■ YOUR INSTRUCTIONS ■
Would you restate all of the entries verbatim, minus any images?

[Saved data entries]

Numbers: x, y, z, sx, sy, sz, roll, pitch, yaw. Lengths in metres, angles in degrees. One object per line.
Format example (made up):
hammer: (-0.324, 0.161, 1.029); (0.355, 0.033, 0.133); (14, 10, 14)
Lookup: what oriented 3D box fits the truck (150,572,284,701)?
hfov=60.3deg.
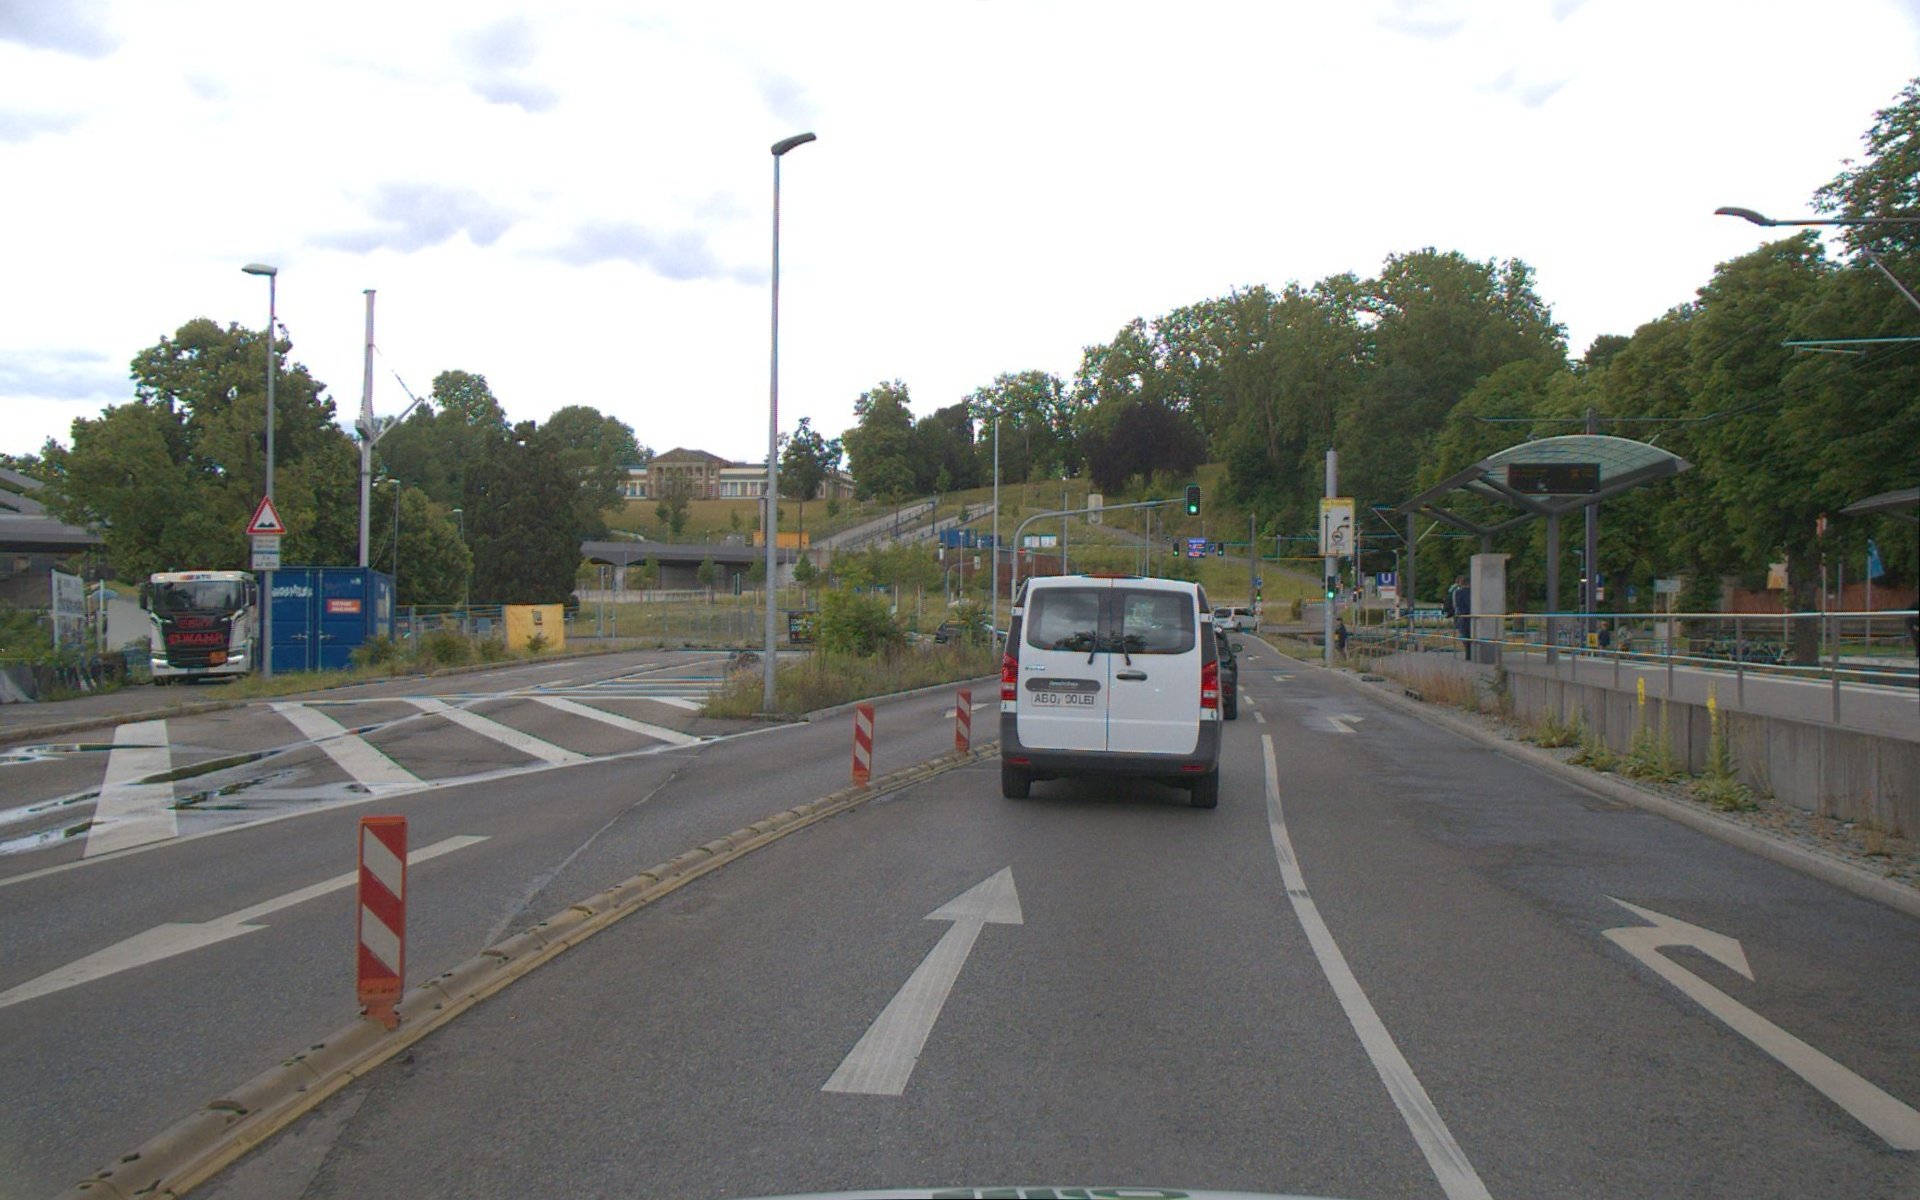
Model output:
truck: (-21.652, 1.018, 48.581); (2.750, 3.394, 8.431); (-1, 0, -19)

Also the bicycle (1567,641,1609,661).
bicycle: (31.269, 2.542, 82.308); (1.871, 0.992, 0.531); (-1, -1, 9)

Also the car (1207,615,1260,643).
car: (21.126, 2.227, 127.436); (2.161, 2.049, 5.136); (0, -2, 33)

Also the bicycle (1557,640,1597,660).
bicycle: (31.616, 2.552, 84.749); (1.871, 0.992, 0.531); (-1, -1, 9)

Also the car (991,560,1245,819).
car: (1.495, 0.741, 15.095); (1.917, 1.937, 4.464); (2, -1, 7)

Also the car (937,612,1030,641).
car: (1.259, 1.443, 89.184); (4.610, 1.503, 2.001); (-1, -1, 19)

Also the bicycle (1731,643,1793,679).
bicycle: (27.628, 2.107, 56.974); (1.833, 1.159, 0.533); (2, -2, 9)

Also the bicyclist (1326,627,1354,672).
bicyclist: (13.834, 1.794, 60.165); (0.795, 1.600, 0.612); (0, 0, -31)

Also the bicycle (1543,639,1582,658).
bicycle: (31.964, 2.577, 87.785); (1.871, 0.992, 0.531); (-1, -1, 9)

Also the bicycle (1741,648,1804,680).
bicycle: (27.570, 2.166, 56.135); (1.833, 0.980, 0.533); (2, -1, 9)

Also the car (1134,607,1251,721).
car: (3.973, 1.077, 28.514); (1.799, 1.759, 4.065); (2, -1, 7)

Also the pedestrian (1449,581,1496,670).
pedestrian: (10.196, 0.494, 32.944); (0.754, 1.729, 0.732); (2, 1, 10)

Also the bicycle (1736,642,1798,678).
bicycle: (28.239, 2.087, 57.884); (1.833, 1.159, 0.533); (2, -2, 9)

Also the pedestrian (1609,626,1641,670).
pedestrian: (25.309, 1.821, 62.950); (0.818, 1.637, 0.775); (0, -2, -14)

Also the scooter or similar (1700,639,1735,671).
scooter or similar: (28.373, 2.061, 61.945); (1.142, 1.159, 0.332); (2, -2, 33)

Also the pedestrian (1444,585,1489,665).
pedestrian: (10.313, 0.496, 33.710); (0.734, 1.580, 0.775); (2, 1, 10)

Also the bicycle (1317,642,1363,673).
bicycle: (13.821, 2.076, 60.147); (1.662, 1.093, 0.614); (0, 0, -31)

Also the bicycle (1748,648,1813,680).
bicycle: (27.485, 2.156, 55.413); (1.833, 0.980, 0.533); (2, -1, 9)

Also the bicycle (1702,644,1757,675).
bicycle: (28.031, 2.175, 60.259); (1.726, 1.052, 0.484); (2, -2, 9)

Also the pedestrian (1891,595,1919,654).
pedestrian: (22.430, 0.588, 38.826); (0.659, 1.347, 0.968); (2, -1, 7)
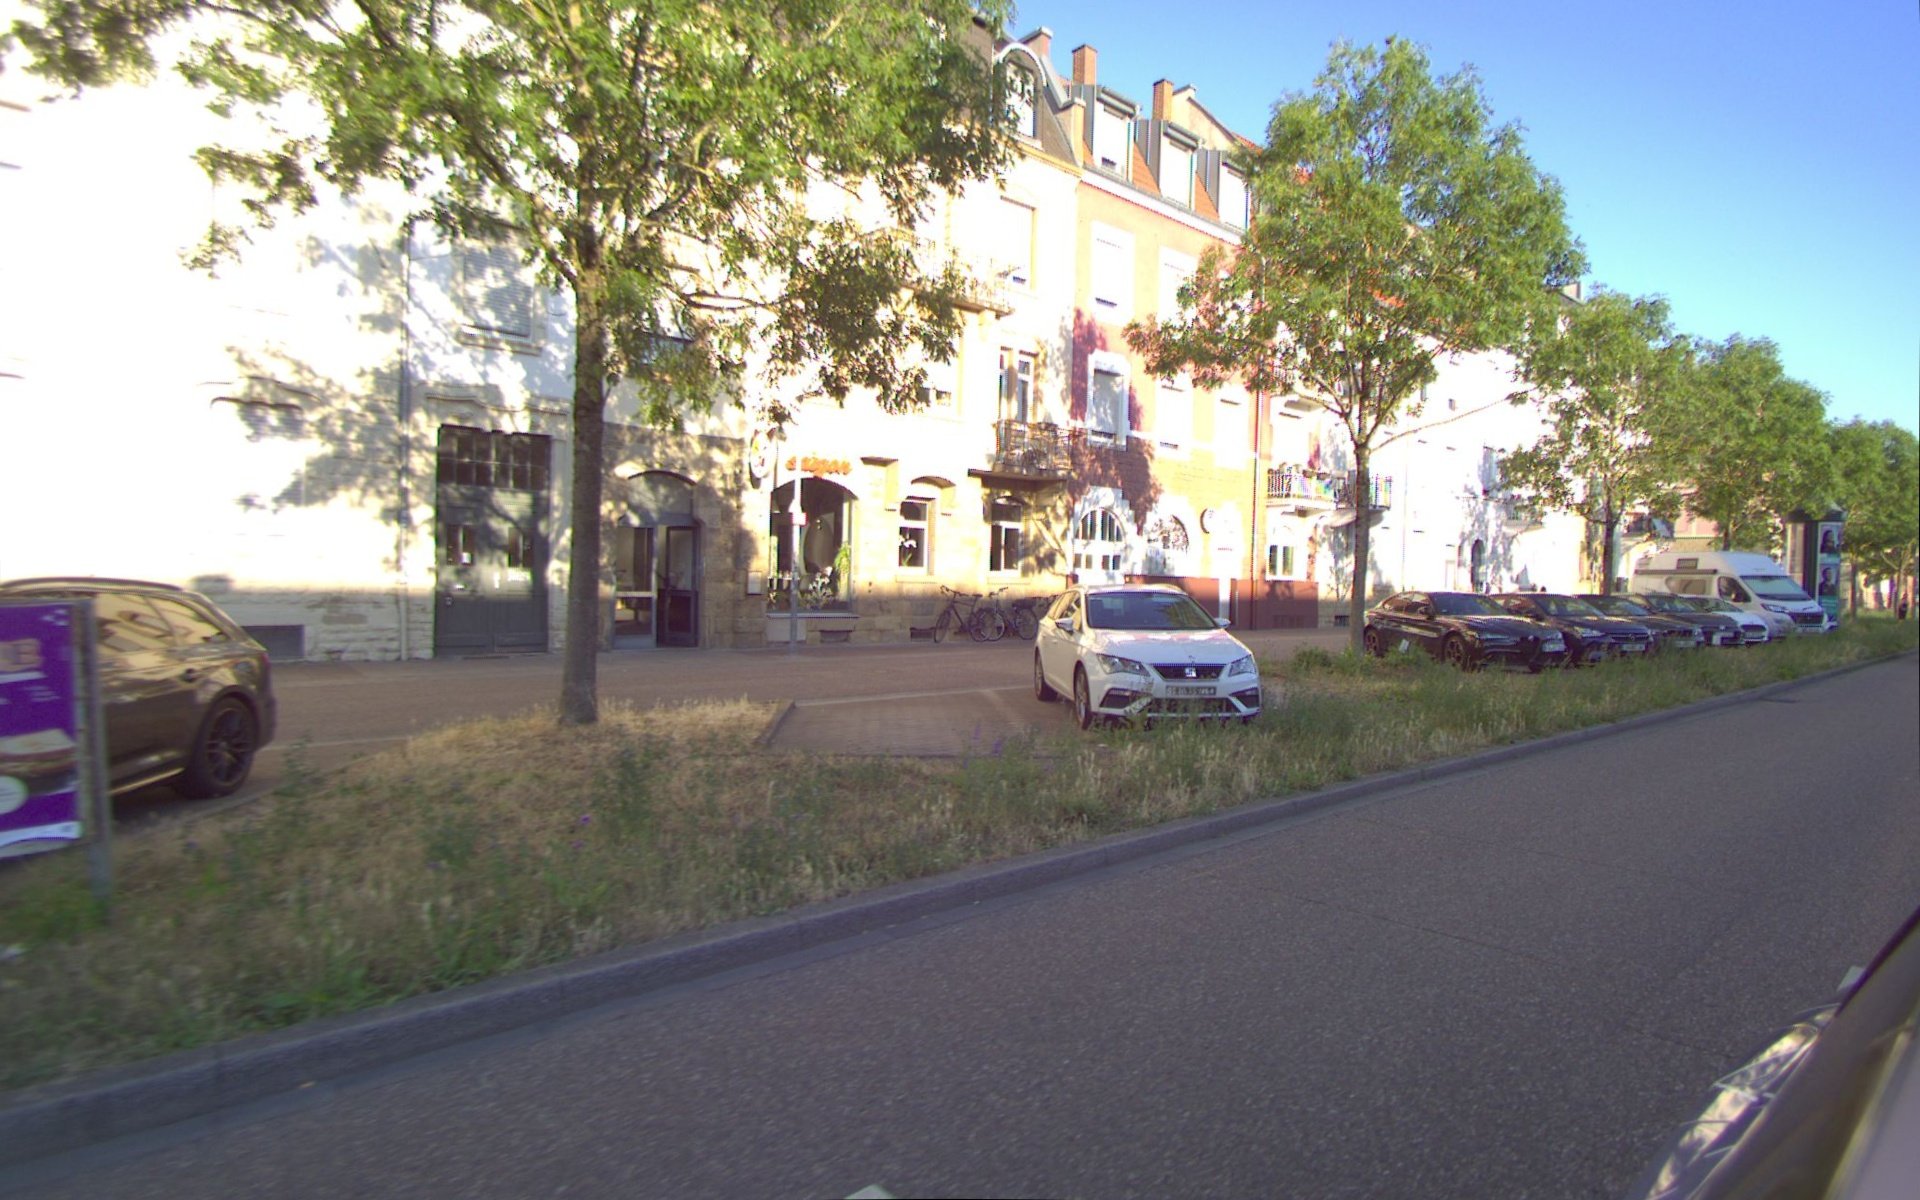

■ WRITTEN SOLUTION ■
Numbers: x, y, z, sx, sy, sz, roll, pitch, yaw. Lengths in metres, angles in degrees. One object per line.
Format example (made up):
hammer: (-0.324, 0.161, 1.029); (0.355, 0.033, 0.133); (14, 10, 14)
Lookup: what oriented 3D box fits the truck (150,572,284,701)?
hfov=60.3deg.
Model output:
truck: (-21.652, 1.018, 48.581); (2.750, 3.394, 8.431); (-1, 0, -19)

Also the bicycle (1567,641,1609,661).
bicycle: (31.269, 2.542, 82.308); (1.871, 0.992, 0.531); (-1, -1, 9)

Also the car (1207,615,1260,643).
car: (21.126, 2.227, 127.436); (2.161, 2.049, 5.136); (0, -2, 33)

Also the bicycle (1557,640,1597,660).
bicycle: (31.616, 2.552, 84.749); (1.871, 0.992, 0.531); (-1, -1, 9)

Also the car (991,560,1245,819).
car: (1.495, 0.741, 15.095); (1.917, 1.937, 4.464); (2, -1, 7)

Also the car (937,612,1030,641).
car: (1.259, 1.443, 89.184); (4.610, 1.503, 2.001); (-1, -1, 19)

Also the bicycle (1731,643,1793,679).
bicycle: (27.628, 2.107, 56.974); (1.833, 1.159, 0.533); (2, -2, 9)

Also the bicyclist (1326,627,1354,672).
bicyclist: (13.834, 1.794, 60.165); (0.795, 1.600, 0.612); (0, 0, -31)

Also the bicycle (1543,639,1582,658).
bicycle: (31.964, 2.577, 87.785); (1.871, 0.992, 0.531); (-1, -1, 9)

Also the bicycle (1741,648,1804,680).
bicycle: (27.570, 2.166, 56.135); (1.833, 0.980, 0.533); (2, -1, 9)

Also the car (1134,607,1251,721).
car: (3.973, 1.077, 28.514); (1.799, 1.759, 4.065); (2, -1, 7)

Also the pedestrian (1449,581,1496,670).
pedestrian: (10.196, 0.494, 32.944); (0.754, 1.729, 0.732); (2, 1, 10)

Also the bicycle (1736,642,1798,678).
bicycle: (28.239, 2.087, 57.884); (1.833, 1.159, 0.533); (2, -2, 9)

Also the pedestrian (1609,626,1641,670).
pedestrian: (25.309, 1.821, 62.950); (0.818, 1.637, 0.775); (0, -2, -14)

Also the scooter or similar (1700,639,1735,671).
scooter or similar: (28.373, 2.061, 61.945); (1.142, 1.159, 0.332); (2, -2, 33)

Also the pedestrian (1444,585,1489,665).
pedestrian: (10.313, 0.496, 33.710); (0.734, 1.580, 0.775); (2, 1, 10)

Also the bicycle (1317,642,1363,673).
bicycle: (13.821, 2.076, 60.147); (1.662, 1.093, 0.614); (0, 0, -31)

Also the bicycle (1748,648,1813,680).
bicycle: (27.485, 2.156, 55.413); (1.833, 0.980, 0.533); (2, -1, 9)

Also the bicycle (1702,644,1757,675).
bicycle: (28.031, 2.175, 60.259); (1.726, 1.052, 0.484); (2, -2, 9)

Also the pedestrian (1891,595,1919,654).
pedestrian: (22.430, 0.588, 38.826); (0.659, 1.347, 0.968); (2, -1, 7)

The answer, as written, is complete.